Entries taken from a collection
---
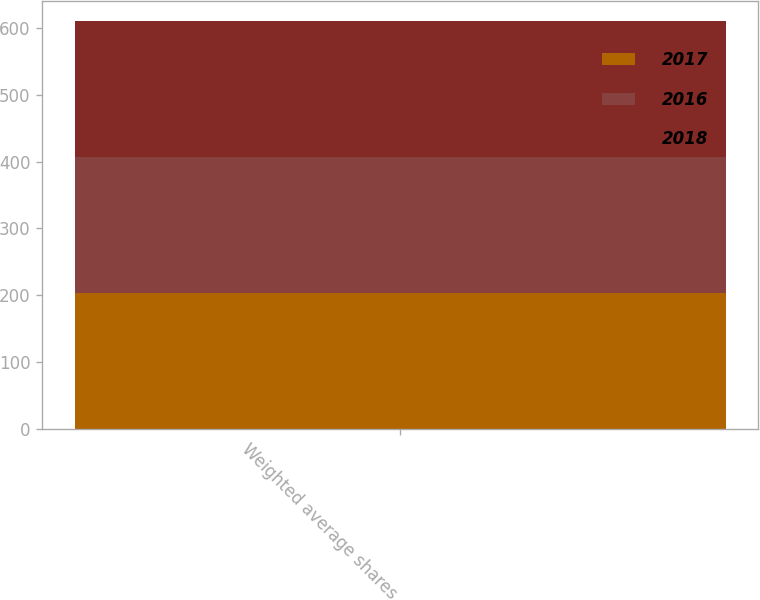<chart> <loc_0><loc_0><loc_500><loc_500><stacked_bar_chart><ecel><fcel>Weighted average shares<nl><fcel>2017<fcel>203.5<nl><fcel>2016<fcel>203.7<nl><fcel>2018<fcel>202.4<nl></chart> 
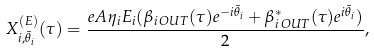Convert formula to latex. <formula><loc_0><loc_0><loc_500><loc_500>X _ { i , { \bar { \theta } _ { i } } } ^ { ( E ) } ( \tau ) = \frac { e A \eta _ { i } E _ { i } ( \beta _ { i \, O U T } ( \tau ) e ^ { - i { \bar { \theta } _ { i } } } + \beta _ { i \, O U T } ^ { * } ( \tau ) e ^ { i { \bar { \theta } _ { i } } } ) } { 2 } ,</formula> 
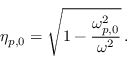<formula> <loc_0><loc_0><loc_500><loc_500>\eta _ { p , 0 } = \sqrt { 1 - \frac { \omega _ { p , 0 } ^ { 2 } } { \omega ^ { 2 } } } \, .</formula> 
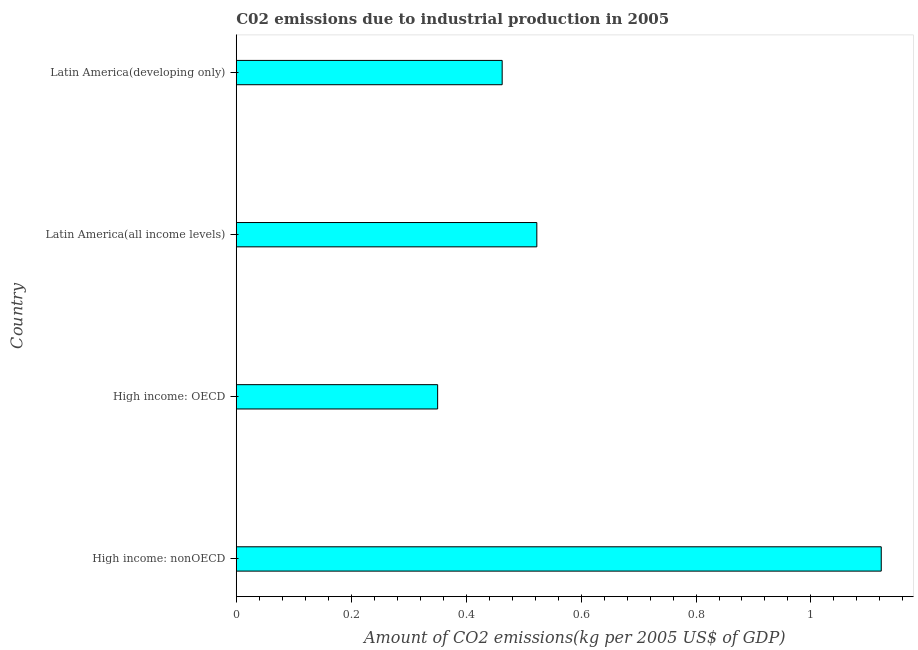Does the graph contain grids?
Provide a succinct answer. No. What is the title of the graph?
Provide a succinct answer. C02 emissions due to industrial production in 2005. What is the label or title of the X-axis?
Provide a succinct answer. Amount of CO2 emissions(kg per 2005 US$ of GDP). What is the amount of co2 emissions in High income: nonOECD?
Your answer should be compact. 1.12. Across all countries, what is the maximum amount of co2 emissions?
Your response must be concise. 1.12. Across all countries, what is the minimum amount of co2 emissions?
Make the answer very short. 0.35. In which country was the amount of co2 emissions maximum?
Your answer should be very brief. High income: nonOECD. In which country was the amount of co2 emissions minimum?
Keep it short and to the point. High income: OECD. What is the sum of the amount of co2 emissions?
Offer a terse response. 2.46. What is the difference between the amount of co2 emissions in High income: OECD and Latin America(developing only)?
Provide a short and direct response. -0.11. What is the average amount of co2 emissions per country?
Keep it short and to the point. 0.61. What is the median amount of co2 emissions?
Provide a succinct answer. 0.49. In how many countries, is the amount of co2 emissions greater than 0.64 kg per 2005 US$ of GDP?
Offer a terse response. 1. What is the ratio of the amount of co2 emissions in High income: nonOECD to that in Latin America(developing only)?
Provide a succinct answer. 2.43. Is the amount of co2 emissions in High income: OECD less than that in Latin America(developing only)?
Your answer should be compact. Yes. What is the difference between the highest and the second highest amount of co2 emissions?
Make the answer very short. 0.6. What is the difference between the highest and the lowest amount of co2 emissions?
Your answer should be very brief. 0.77. What is the difference between two consecutive major ticks on the X-axis?
Your answer should be very brief. 0.2. Are the values on the major ticks of X-axis written in scientific E-notation?
Provide a succinct answer. No. What is the Amount of CO2 emissions(kg per 2005 US$ of GDP) of High income: nonOECD?
Your answer should be very brief. 1.12. What is the Amount of CO2 emissions(kg per 2005 US$ of GDP) of High income: OECD?
Offer a terse response. 0.35. What is the Amount of CO2 emissions(kg per 2005 US$ of GDP) of Latin America(all income levels)?
Keep it short and to the point. 0.52. What is the Amount of CO2 emissions(kg per 2005 US$ of GDP) in Latin America(developing only)?
Ensure brevity in your answer.  0.46. What is the difference between the Amount of CO2 emissions(kg per 2005 US$ of GDP) in High income: nonOECD and High income: OECD?
Provide a short and direct response. 0.77. What is the difference between the Amount of CO2 emissions(kg per 2005 US$ of GDP) in High income: nonOECD and Latin America(all income levels)?
Offer a terse response. 0.6. What is the difference between the Amount of CO2 emissions(kg per 2005 US$ of GDP) in High income: nonOECD and Latin America(developing only)?
Ensure brevity in your answer.  0.66. What is the difference between the Amount of CO2 emissions(kg per 2005 US$ of GDP) in High income: OECD and Latin America(all income levels)?
Provide a succinct answer. -0.17. What is the difference between the Amount of CO2 emissions(kg per 2005 US$ of GDP) in High income: OECD and Latin America(developing only)?
Ensure brevity in your answer.  -0.11. What is the difference between the Amount of CO2 emissions(kg per 2005 US$ of GDP) in Latin America(all income levels) and Latin America(developing only)?
Ensure brevity in your answer.  0.06. What is the ratio of the Amount of CO2 emissions(kg per 2005 US$ of GDP) in High income: nonOECD to that in High income: OECD?
Your answer should be very brief. 3.2. What is the ratio of the Amount of CO2 emissions(kg per 2005 US$ of GDP) in High income: nonOECD to that in Latin America(all income levels)?
Provide a succinct answer. 2.15. What is the ratio of the Amount of CO2 emissions(kg per 2005 US$ of GDP) in High income: nonOECD to that in Latin America(developing only)?
Provide a succinct answer. 2.43. What is the ratio of the Amount of CO2 emissions(kg per 2005 US$ of GDP) in High income: OECD to that in Latin America(all income levels)?
Ensure brevity in your answer.  0.67. What is the ratio of the Amount of CO2 emissions(kg per 2005 US$ of GDP) in High income: OECD to that in Latin America(developing only)?
Your answer should be compact. 0.76. What is the ratio of the Amount of CO2 emissions(kg per 2005 US$ of GDP) in Latin America(all income levels) to that in Latin America(developing only)?
Offer a very short reply. 1.13. 
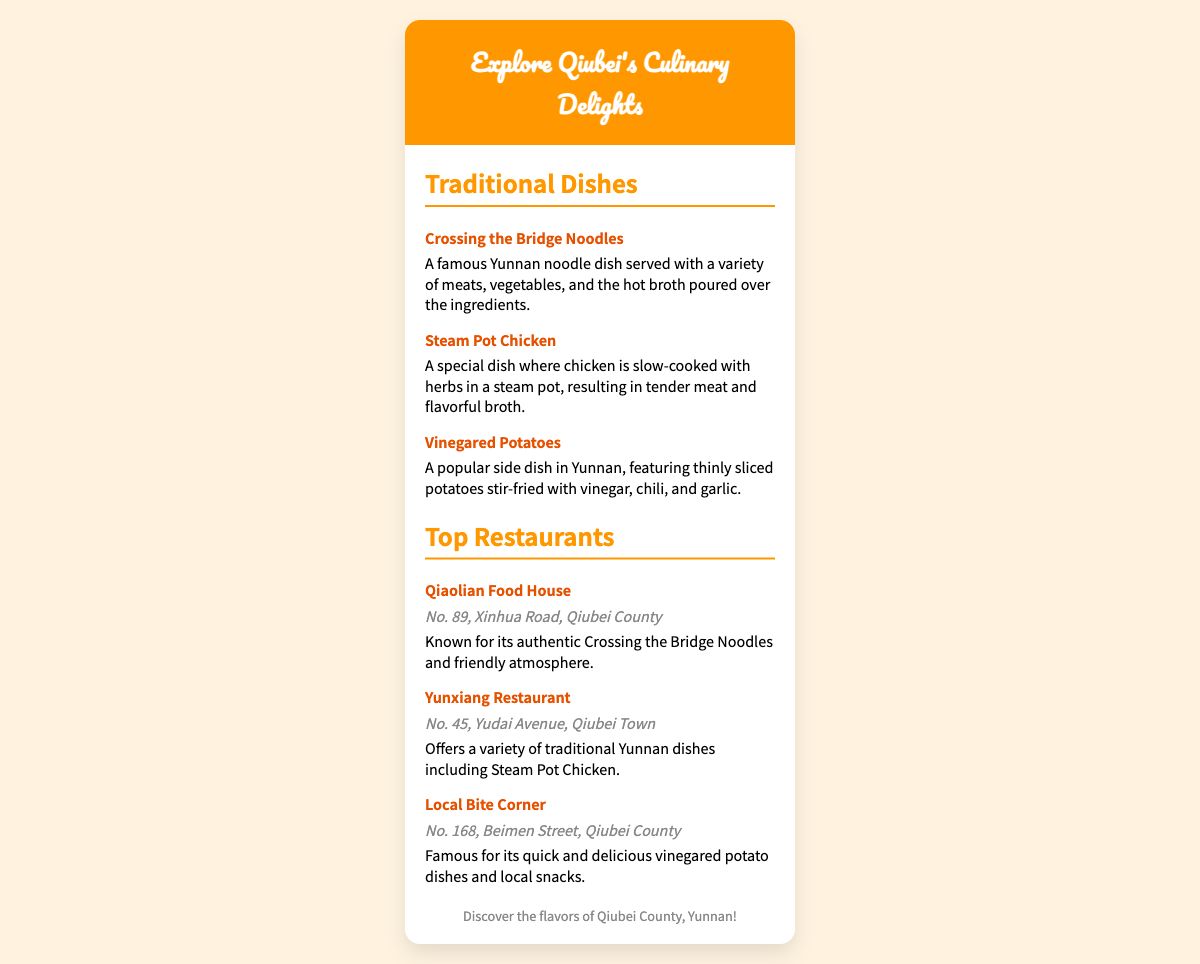what is the name of the popular Yunnan noodle dish mentioned? The document lists "Crossing the Bridge Noodles" as a famous Yunnan noodle dish.
Answer: Crossing the Bridge Noodles what is one of the key ingredients in Steam Pot Chicken? The description specifies that the chicken is cooked with herbs, which are key ingredients in this dish.
Answer: Herbs what is the address of Qiaolian Food House? The document provides the address of Qiaolian Food House, which is found within the text.
Answer: No. 89, Xinhua Road, Qiubei County how many traditional dishes are listed in the document? The document specifically lists three traditional dishes under the "Traditional Dishes" section.
Answer: Three which restaurant is famous for vinegared potato dishes? The document explicitly states that Local Bite Corner is known for its vinegared potato dishes.
Answer: Local Bite Corner what is a notable feature of the atmosphere at Qiaolian Food House? The document describes the atmosphere as "friendly," highlighting its appeal to visitors.
Answer: Friendly atmosphere what type of cuisine can you find at Yunxiang Restaurant? The document mentions that Yunxiang Restaurant offers a variety of traditional Yunnan dishes.
Answer: Traditional Yunnan dishes which dish is specifically noted for being stir-fried with vinegar? The document describes "Vinegared Potatoes" as being stir-fried with vinegar.
Answer: Vinegared Potatoes what is the main selling point of Local Bite Corner? The main selling point highlighted is its quick and delicious vinegared potato dishes.
Answer: Quick and delicious vinegared potato dishes
---
Check each line above for the string "maximum" and show the ones that have it.

Your answer should be compact. 1.12. Across all countries, what is the maximum amount of co2 emissions?
Make the answer very short. 0.35. In which country was the amount of co2 emissions maximum?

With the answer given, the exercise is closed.